I am in East OR, no skiing here  I went to hesperus the day after xmas, was awesome! I am outta here in a few weeks for the rest of the winter. Time to go ski, I however will never drag you again unless you bone is sticking out this time. I may be a skinning machine, but am not a clydesdale.... 

arent we lucky to live and ski away from booters and snowshoers?

scott


----------



## iliketohike (Nov 29, 2006)

this post is a bunch of bushido. Snowshoes don't affect the track enough to 'ruin' it. I mean I'd love to ski powder everyday and not have to deal with cloudy days and bad weather when it snows, but it's not practical. The fact of the matter is we share they mountains and snowboarding is just as much of a valid sport as is skiing. It's not practical to expect snowboarders to kick a new track in all but the most trafficked places.
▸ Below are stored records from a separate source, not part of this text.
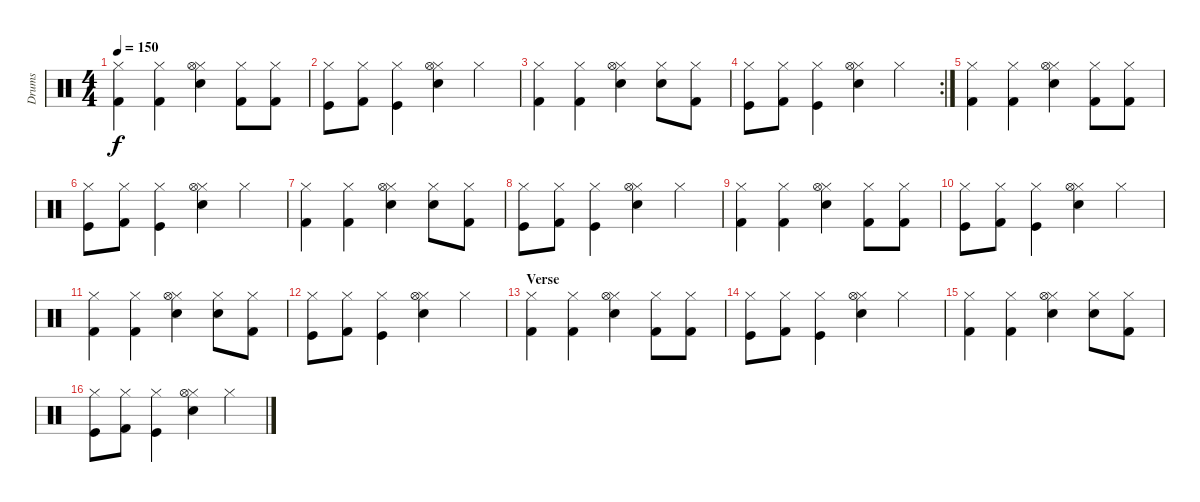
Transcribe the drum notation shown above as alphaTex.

\track ("Drums" "Drums") {instrument percussion}
\staff {score}
\articulation defaults
\ts (4 4)
\tempo 150
\clef neutral
\ks c
("Kick (hit) 2" "Hi-Hat (closed)").4{dy f} ("Kick (hit) 2" "Hi-Hat (closed)").4 ("Snare (hit) 2" "Hi-Hat (closed)" "Hi-Hat (open)").4 ("Kick (hit) 2" "Hi-Hat (closed)").8 ("Kick (hit) 2" "Hi-Hat (closed)").8 |
("Kick (hit)" "Hi-Hat (closed)").8 ("Kick (hit) 2" "Hi-Hat (closed)").8 ("Kick (hit)" "Hi-Hat (closed)").4 ("Snare (hit) 2" "Hi-Hat (closed)" "Hi-Hat (open)").4 "Hi-Hat (closed)".4 |
("Kick (hit) 2" "Hi-Hat (closed)").4 ("Kick (hit) 2" "Hi-Hat (closed)").4 ("Snare (hit) 2" "Hi-Hat (closed)" "Hi-Hat (open)").4 ("Snare (hit) 2" "Hi-Hat (closed)").8 ("Kick (hit) 2" "Hi-Hat (closed)").8 |
\rc 2
("Kick (hit)" "Hi-Hat (closed)").8 ("Kick (hit) 2" "Hi-Hat (closed)").8 ("Kick (hit)" "Hi-Hat (closed)").4 ("Snare (hit) 2" "Hi-Hat (closed)" "Hi-Hat (open)").4 "Hi-Hat (closed)".4 |
("Kick (hit) 2" "Hi-Hat (closed)").4 ("Kick (hit) 2" "Hi-Hat (closed)").4 ("Snare (hit) 2" "Hi-Hat (closed)" "Hi-Hat (open)").4 ("Kick (hit) 2" "Hi-Hat (closed)").8 ("Kick (hit) 2" "Hi-Hat (closed)").8 |
("Kick (hit)" "Hi-Hat (closed)").8 ("Kick (hit) 2" "Hi-Hat (closed)").8 ("Kick (hit)" "Hi-Hat (closed)").4 ("Snare (hit) 2" "Hi-Hat (closed)" "Hi-Hat (open)").4 "Hi-Hat (closed)".4 |
("Kick (hit) 2" "Hi-Hat (closed)").4 ("Kick (hit) 2" "Hi-Hat (closed)").4 ("Snare (hit) 2" "Hi-Hat (closed)" "Hi-Hat (open)").4 ("Snare (hit) 2" "Hi-Hat (closed)").8 ("Kick (hit) 2" "Hi-Hat (closed)").8 |
("Kick (hit)" "Hi-Hat (closed)").8 ("Kick (hit) 2" "Hi-Hat (closed)").8 ("Kick (hit)" "Hi-Hat (closed)").4 ("Snare (hit) 2" "Hi-Hat (closed)" "Hi-Hat (open)").4 "Hi-Hat (closed)".4 |
("Kick (hit) 2" "Hi-Hat (closed)").4 ("Kick (hit) 2" "Hi-Hat (closed)").4 ("Snare (hit) 2" "Hi-Hat (closed)" "Hi-Hat (open)").4 ("Kick (hit) 2" "Hi-Hat (closed)").8 ("Kick (hit) 2" "Hi-Hat (closed)").8 |
("Kick (hit)" "Hi-Hat (closed)").8 ("Kick (hit) 2" "Hi-Hat (closed)").8 ("Kick (hit)" "Hi-Hat (closed)").4 ("Snare (hit) 2" "Hi-Hat (closed)" "Hi-Hat (open)").4 "Hi-Hat (closed)".4 |
("Kick (hit) 2" "Hi-Hat (closed)").4 ("Kick (hit) 2" "Hi-Hat (closed)").4 ("Snare (hit) 2" "Hi-Hat (closed)" "Hi-Hat (open)").4 ("Snare (hit) 2" "Hi-Hat (closed)").8 ("Kick (hit) 2" "Hi-Hat (closed)").8 |
("Kick (hit)" "Hi-Hat (closed)").8 ("Kick (hit) 2" "Hi-Hat (closed)").8 ("Kick (hit)" "Hi-Hat (closed)").4 ("Snare (hit) 2" "Hi-Hat (closed)" "Hi-Hat (open)").4 "Hi-Hat (closed)".4 |
\section ("" "Verse")
("Kick (hit) 2" "Hi-Hat (closed)").4 ("Kick (hit) 2" "Hi-Hat (closed)").4 ("Snare (hit) 2" "Hi-Hat (closed)" "Hi-Hat (open)").4 ("Kick (hit) 2" "Hi-Hat (closed)").8 ("Kick (hit) 2" "Hi-Hat (closed)").8 |
("Kick (hit)" "Hi-Hat (closed)").8 ("Kick (hit) 2" "Hi-Hat (closed)").8 ("Kick (hit)" "Hi-Hat (closed)").4 ("Snare (hit) 2" "Hi-Hat (closed)" "Hi-Hat (open)").4 "Hi-Hat (closed)".4 |
("Kick (hit) 2" "Hi-Hat (closed)").4 ("Kick (hit) 2" "Hi-Hat (closed)").4 ("Snare (hit) 2" "Hi-Hat (closed)" "Hi-Hat (open)").4 ("Snare (hit) 2" "Hi-Hat (closed)").8 ("Kick (hit) 2" "Hi-Hat (closed)").8 |
("Kick (hit)" "Hi-Hat (closed)").8 ("Kick (hit) 2" "Hi-Hat (closed)").8 ("Kick (hit)" "Hi-Hat (closed)").4 ("Snare (hit) 2" "Hi-Hat (closed)" "Hi-Hat (open)").4 "Hi-Hat (closed)".4

I don't like post holers though. It pisses me off when someone follows my track without shoes on. As a skier I think I represent the majority of non agro, non fascist skiers, that don't have to be a dick to other people to build ourselves up. Tolerance is a beautiful thing and it makes our quality of life better. 

Have fun, and Sport climbing is fun too!


----------



## jmrolak (Jul 8, 2008)

Get over yourselves, if you need perfectly fresh skin tracks, go to the resort. We share the backcountry with many. Think snow!


----------